Елагин ещё на что-то надеялся, он принимал участие в деятельности социалистической эмиграции, редактировал один небольшой журнал в Париже, пока тот благополучно не закрылся ввиду отсутствия средств. Елагин участвовал в собраниях и съездах разных эмигрантских организаций, был не раз привлечён к попыткам организовать антибольшевистские выступления, которые, впрочем, никак не доходили до логического финала. Он активно хотел изменить окружающую его действительность, но реальность шагнула далеко вперёд, и скоро все заграничные социалистические организации превратились в некое подобие мелких клубов по интересам, которые совершенно не согласовывались с ситуацией и могли лишь сторонним взглядом наблюдать за тем, что происходило там, в чужой теперь Советской России. Отторгнутый от родины, российский социализм, честно победивший в семнадцатом на выборах в Учредительное собрание, ещё недавно такой мощный и массовый, благополучно умер, оставив после себя только небольшие участки тления…

В дверь постучали. Стук торопливый, громкий, настойчивый – невозможно было не узнать призывный сигнал фрау Мюллер. Елагин открыл глаза и протёр их ладонью, разогнав остатки дрёмы; он лежал на кровати одетый и ждал этого стука вот уже полчаса… Стук повторился.

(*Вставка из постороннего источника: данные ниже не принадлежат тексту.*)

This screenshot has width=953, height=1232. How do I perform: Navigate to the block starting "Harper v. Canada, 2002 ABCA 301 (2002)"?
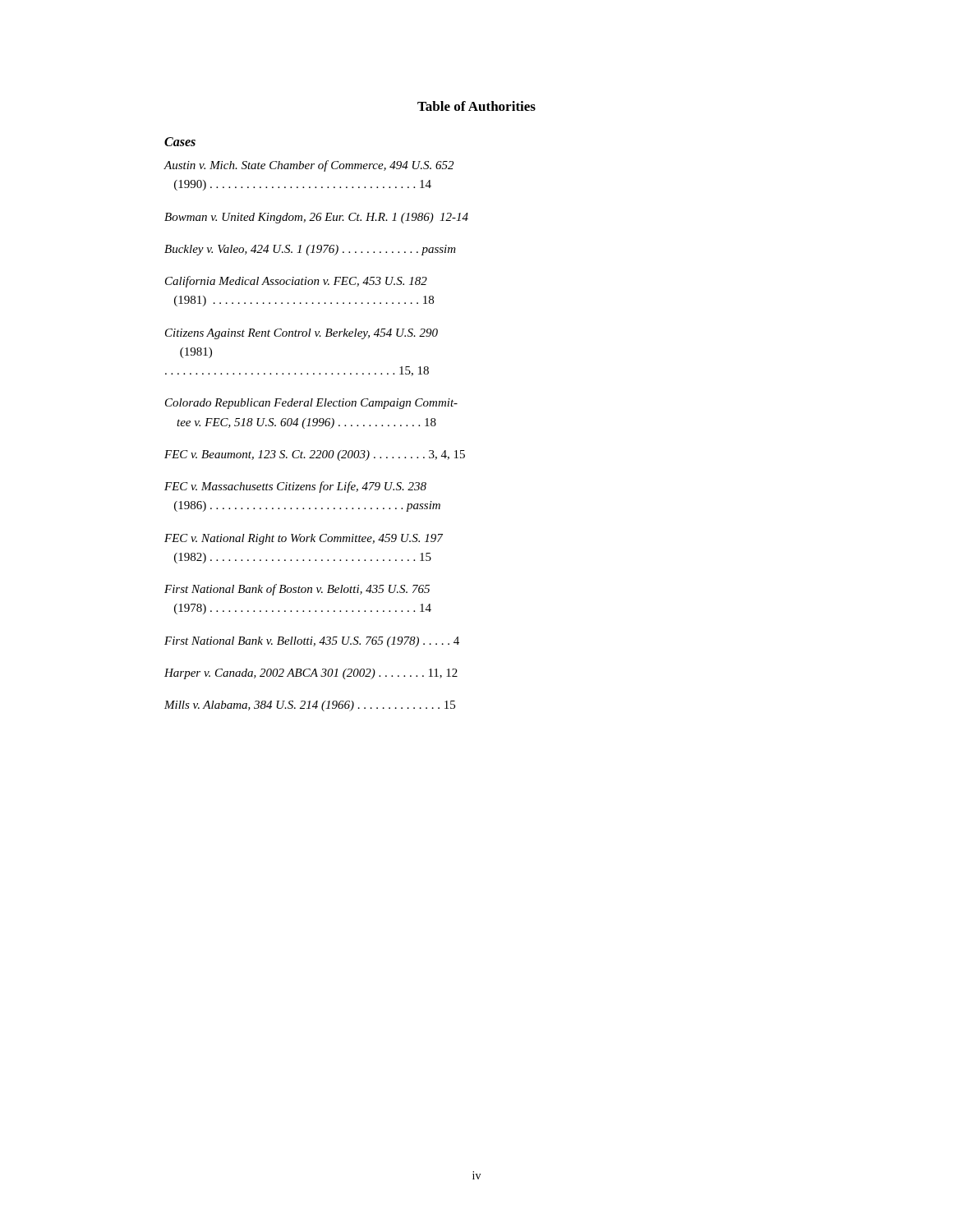311,672
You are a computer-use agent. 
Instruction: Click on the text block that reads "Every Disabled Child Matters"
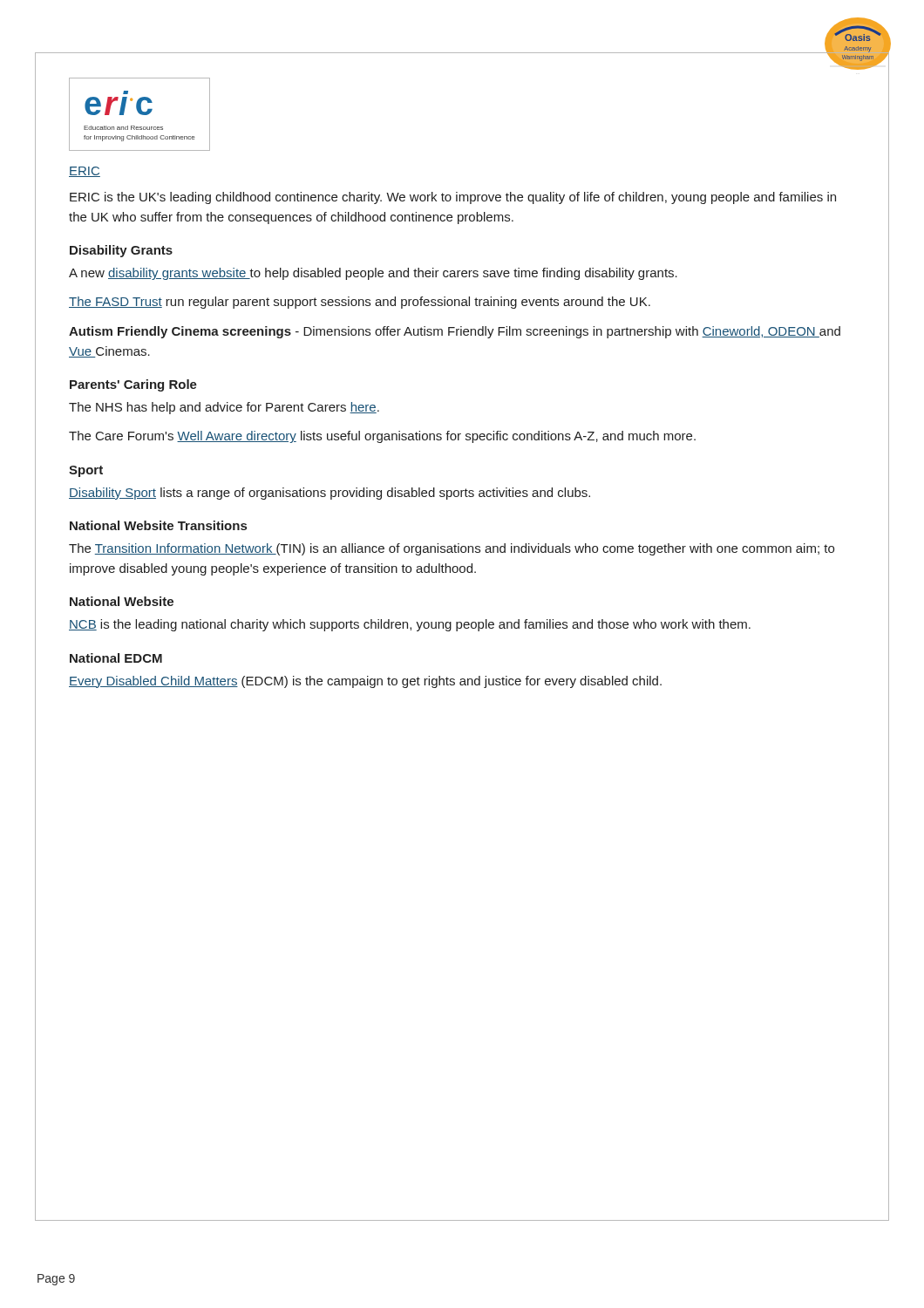366,680

– Господин Елагин, к вам пришёл посетитель, – высоким, писклявым голосом пропела фрау Мюллер за дверью.

– Иду, – ответил он хрипло и услышал, как важно и деловито процокали удаляющиеся каблучки фрау Мюллер.

Елагин сел на кровати. Глаза упёрлись в небольшое зеркальце, стоявшее на столе: заспанное, серое, исхудавшее лицо, впалые щёки, пустые глаза и прямой нос, показавшийся вдруг необычайно длинным и острым. «Как у покойника», – вдруг промелькнула глупая, шальная мысль у Елагина. Он ей печально улыбнулся и увидел, как в зеркале у двойника зло и безразлично скривились тонкие губы, и блеснули усмешкой тёмные глаза.

Вспомнив, что его ждёт человек, Елагин быстро встал и машинально, по неистребимой военной привычке, одернул вниз пиджак, потом схватил с тумбочки одежную щётку и поспешно прошёлся по рукавам и лацканам, сбрасывая невидимую пыль и выглаживая помятости.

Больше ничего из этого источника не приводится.